The return value of kvEstimateInfo() should always be checked by callers. Adding [[nodiscard]] helps prevent accidental discard of the optional result, which aligns with the static analysis hint.
💡 Suggested fix
   // Optional: provide info for KV cache size estimation.
   // If a model does not support it, return std::nullopt.
-  virtual std::optional<KVCacheEstimateInfo> kvEstimateInfo() const { return std::nullopt; }
+  [[nodiscard]] virtual std::optional<KVCacheEstimateInfo> kvEstimateInfo() const { return std::nullopt; }
tools/mllm-llm-benchmark/models/All.hpp (1)
31-35: Redundant substring check for "tinyllama".

The condition normalized_model_name.find("tinyllama") is redundant because find("llama") will already match any string containing "tinyllama". The "tiny_llama" check (with underscore) is valid though.
💡 Simplified condition
-  if (normalized_model_name.find("llama") != std::string::npos ||
-      normalized_model_name.find("tinyllama") != std::string::npos ||
-      normalized_model_name.find("tiny_llama") != std::string::npos) {
+  if (normalized_model_name.find("llama") != std::string::npos ||
+      normalized_model_name.find("tiny_llama") != std::string::npos) {
     return std::make_shared<Llama_Benchmark>();
   }
tools/mllm-llm-benchmark/main.cpp (3)
17-18: Remove duplicate stringify macros.

STR_HELPER/STR (lines 26-27) duplicates STRINGIFY_INTERNAL/STRINGIFY (lines 17-18).

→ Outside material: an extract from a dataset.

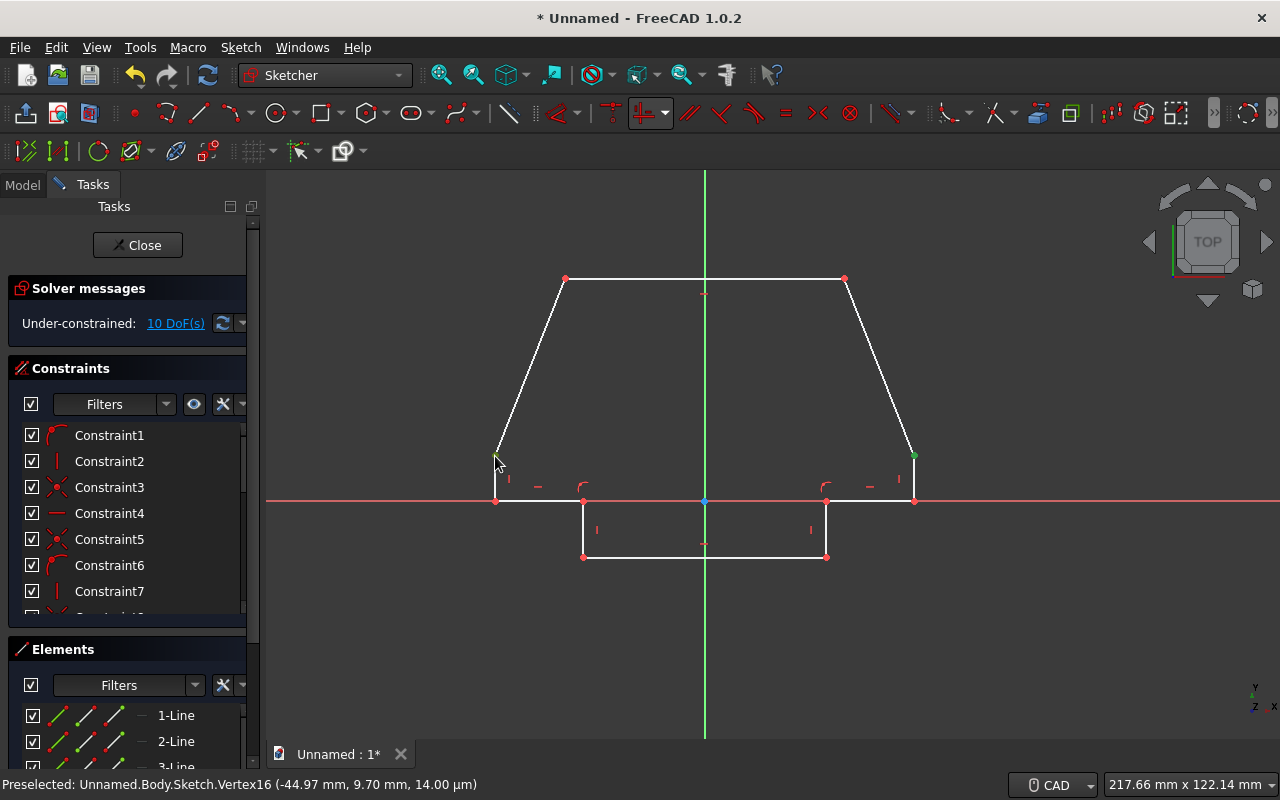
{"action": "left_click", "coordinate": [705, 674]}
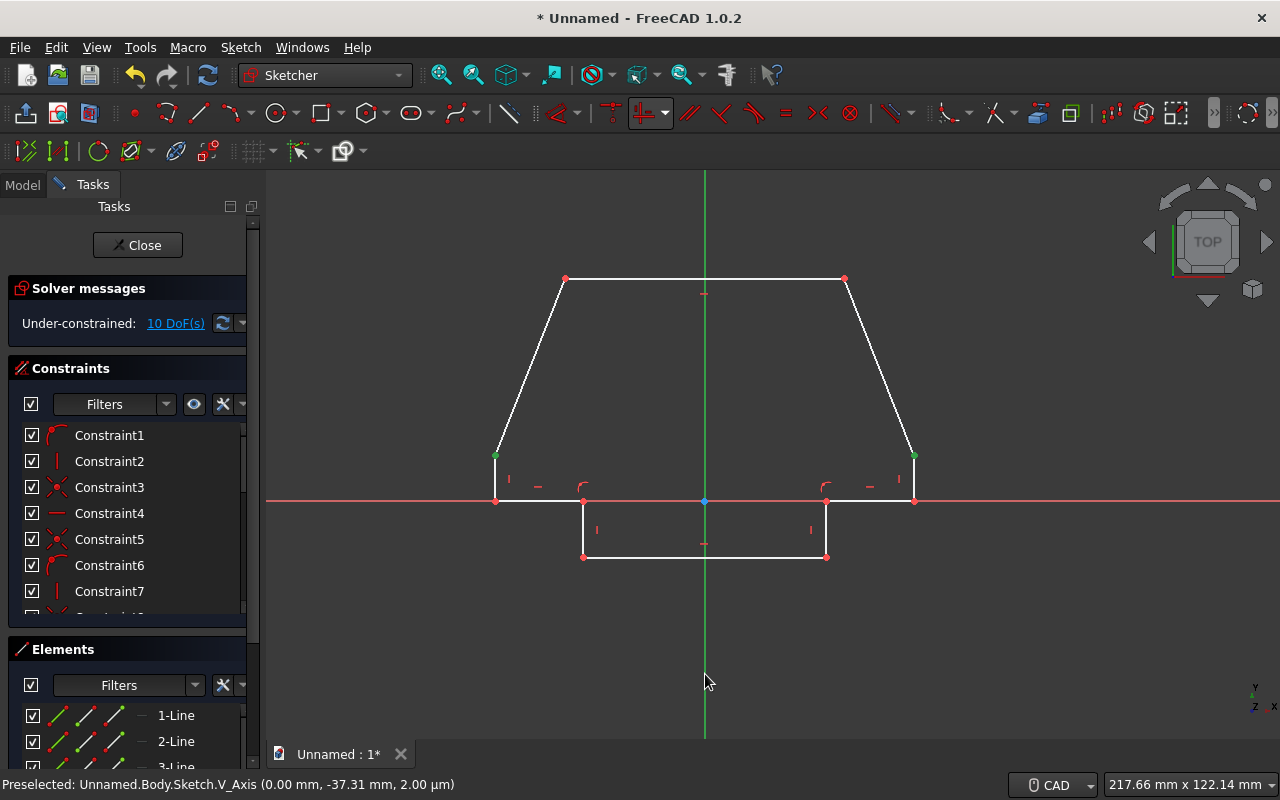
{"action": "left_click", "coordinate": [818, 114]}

Use only one set.
♻️ Remove duplicate macros
 `#define` STRINGIFY_INTERNAL(x) `#x`
 `#define` STRINGIFY(x) STRINGIFY_INTERNAL(x)

 `#include` "models/All.hpp"

 `#ifndef` MLLM_GIT_COMMIT_HASH
 `#define` MLLM_GIT_COMMIT_HASH unknown
 `#endif`

-#define STR_HELPER(x) `#x`
-#define STR(x) STR_HELPER(x)
-
Also applies to: 26-27

194-202: Consider using a named constant for the K+V multiplier.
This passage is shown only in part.